Paul and his friends have never liked the label “Christian rock band,” because Paul likes being a regular rock star, who can “cling to his right to be an ass.” And though he insists that, by assing around, he and his band have really “f–ked up their corner of the Christian market,” Paul’s rebel-with-a-cause behavior has only gained more fawning attention from Christians, who are eager to attach their names to his Great Cause—from Bill Hybels to Billy Graham, from Presbyterians to Methodists, from Wheaton College to Christianity Today.
At this year’s Presidential Prayer Breakfast, where Paul was the keynote speaker, he quoted from the New Testament, the Koran, and “the Jewish Scripture,” admonishing President Bush and Congress that God will “judge” (gasp!) America and her churches if they fail to keep Africa from “going up in flames.” President Bush followed Paul at the podium and, in true Dorkman fashion, proclaimed, “I’ve gotten to know Bono. (Laughter.) He’s a doer. The thing about this good citizen of the world is he’s used his position to get things done.” Speaking for Dorkmans everywhere, he added, “You’re an amazing guy, Bono. God bless you. (Applause.)”
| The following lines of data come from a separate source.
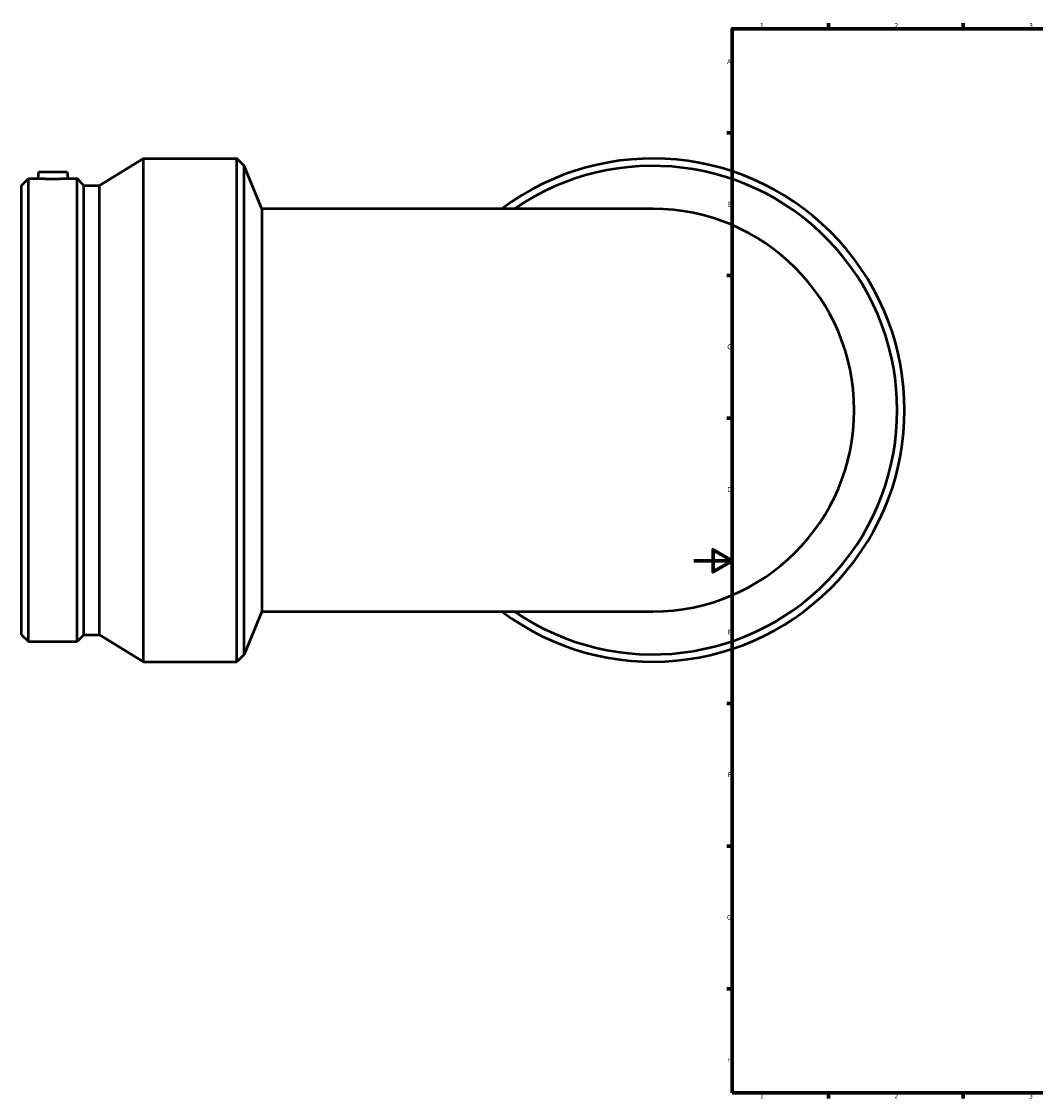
# Model space of a CAD drawing. Header units: millimetres. Extents: x -663 to 1587, y -402 to 1308.
# Tile 1 of 7: x -350 to 178, y 17 to 578. Entities that reach past the tile are written whole.
import ezdxf

# ---------------------------------------------------------------- set-up
doc = ezdxf.new("R2010")
doc.units = ezdxf.units.MM
doc.layers.add('Border (ISO)', color=7, linetype='Continuous', lineweight=70)
doc.layers.add('Visible (ISO)', color=7, linetype='Continuous', lineweight=50)
doc.styles.add('Note Text (ISO)', font='tahoma.ttf')

# ---------------------------------------------------------------- blocks, each defined once
blk = doc.blocks.new('Borders Default Border')
at = {"layer": 'Border (ISO)'}
for p, q in [((70.08, 574), (70.08, 576.9)), ((140.17, 574), (140.17, 576.9)), ((20, 519.75), (17.1, 519.75)), ((20, 445.5), (17.1, 445.5)), ((20, 371.25), (17.1, 371.25)), ((20, 222.75), (17.1, 222.75)), ((20, 148.5), (17.1, 148.5)), ((20, 74.25), (17.1, 74.25)), ((70.08, 20), (70.08, 17.1)), ((140.17, 20), (140.17, 17.1))]:
    blk.add_line(p, q, dxfattribs=at)
at = {"layer": 'Border (ISO)', "flags": 128}
for points in [[(20, 20), (20, 574), (821, 574), (821, 20), (20, 20)], [(0, 297), (20, 297), (10, 302.77), (10, 291.23), (20, 297)]]:
    blk.add_lwpolyline(points, dxfattribs=at)
at = {"layer": 'Border (ISO)', "color": 232, "true_color": 0xca0064, "char_height": 2.5, "attachment_point": 7, "style": 'Note Text (ISO)'}
for s, insert in [('1', (34.48, 574.4)), ('2', (104.37, 574.4)), ('3', (174.43, 574.35)), ('A', (17.29, 555.62)), ('B', (17.59, 481.37)), ('C', (17.43, 407.08)), ('D', (17.43, 332.88)), ('E', (17.64, 258.63)), ('F', (17.7, 184.38)), ('G', (17.31, 110.08)), ('H', (17.44, 35.88)), ('1', (34.48, 17.1)), ('2', (104.37, 17.1)), ('3', (174.43, 17.05))]:
    blk.add_mtext(s, dxfattribs=dict(at, insert=insert))

msp = doc.modelspace()

# ---------------------------------------------------------------- linework, layer by layer
at = {"layer": 'Visible (ISO)'}
for p, q in [((-309.221, 492.332), (-286.321, 506.427)), ((-286.321, 244.427), (-286.321, 506.427)), ((-286.321, 506.427), (-237.821, 506.427)), ((-237.821, 244.427), (-237.821, 506.427)), ((-233.985, 502.59), (-237.821, 506.427)), ((-341.081, 499.427), (-341.386, 495.947)), ((-341.081, 499.427), (-326.081, 499.427)), ((-326.081, 499.427), (-325.777, 495.947)), ((-233.985, 248.264), (-233.985, 502.59)), ((-224.721, 480.227), (-233.985, 502.59)), ((-349.821, 492.332), (-346.206, 495.947)), ((-346.206, 254.907), (-346.206, 495.947)), ((-346.206, 495.947), (-341.386, 495.947)), ((-325.777, 495.947), (-320.957, 495.947)), ((-320.957, 254.907), (-320.957, 495.947)), ((-317.341, 492.332), (-320.957, 495.947)), ((-349.821, 258.523), (-349.821, 492.332)), ((-317.341, 258.523), (-317.341, 492.332)), ((-317.341, 492.332), (-309.221, 492.332)), ((-309.221, 258.523), (-309.221, 492.332)), ((-224.721, 480.227), (-224.721, 270.627)), ((-21.341, 480.227), (-224.721, 480.227)), ((-224.721, 270.627), (-233.985, 248.264)), ((-224.721, 270.627), (-21.341, 270.627)), ((-349.821, 258.523), (-346.206, 254.907)), ((-317.341, 258.523), (-320.957, 254.907)), ((-317.341, 258.523), (-309.221, 258.523)), ((-309.221, 258.523), (-286.321, 244.427)), ((-346.206, 254.907), (-320.957, 254.907)), ((-233.985, 248.264), (-237.821, 244.427)), ((-286.321, 244.427), (-237.821, 244.427))]:
    msp.add_line(p, q, dxfattribs=at)
for radius, start, end in [(131, 233.1301, 126.8699), (127.163, 235.50124, 124.49876), (104.8, 270, 90)]:
    msp.add_arc((-21.341, 375.427), radius, start, end, dxfattribs=at)
msp.add_open_spline([(-325.777, 495.947), (-325.777, 495.947), (-325.972, 495.934), (-326.767, 495.886), (-327.366, 495.852), (-328.751, 495.789), (-329.628, 495.754), (-331.553, 495.706), (-332.599, 495.693), (-334.563, 495.693), (-335.61, 495.706), (-337.535, 495.754), (-338.412, 495.789), (-339.797, 495.852), (-340.396, 495.886), (-341.191, 495.934), (-341.386, 495.947), (-341.386, 495.947)], degree=3, knots=[1.177968, 1.177968, 1.177968, 1.177968, 1.472364, 1.472364, 1.7667601, 1.7667601, 2.061348, 2.061348, 2.3559359, 2.3559359, 2.6505238, 2.6505238, 2.9451117, 2.9451117, 3.2395078, 3.2395078, 3.5339039, 3.5339039, 3.5339039, 3.5339039], dxfattribs=at)

# ---------------------------------------------------------------- block references
msp.add_blockref('Borders Default Border', (0, 0))

doc.saveas('drawing.dxf')

True Christianity is concerned with the plight of the poor, the suffering, the dying. But the greater reality that the Church is called to address has to do with sin, righteousness, and judgment and how the crucified God-Man redeemed mankind. What insight does Paul have to give those who possess the “words of eternal life,” other than how to “be an ass”? How great is the loss of faith among a people who titter in the presence of a “citizen of the world,” such as Bono, who despises all that they once held dear?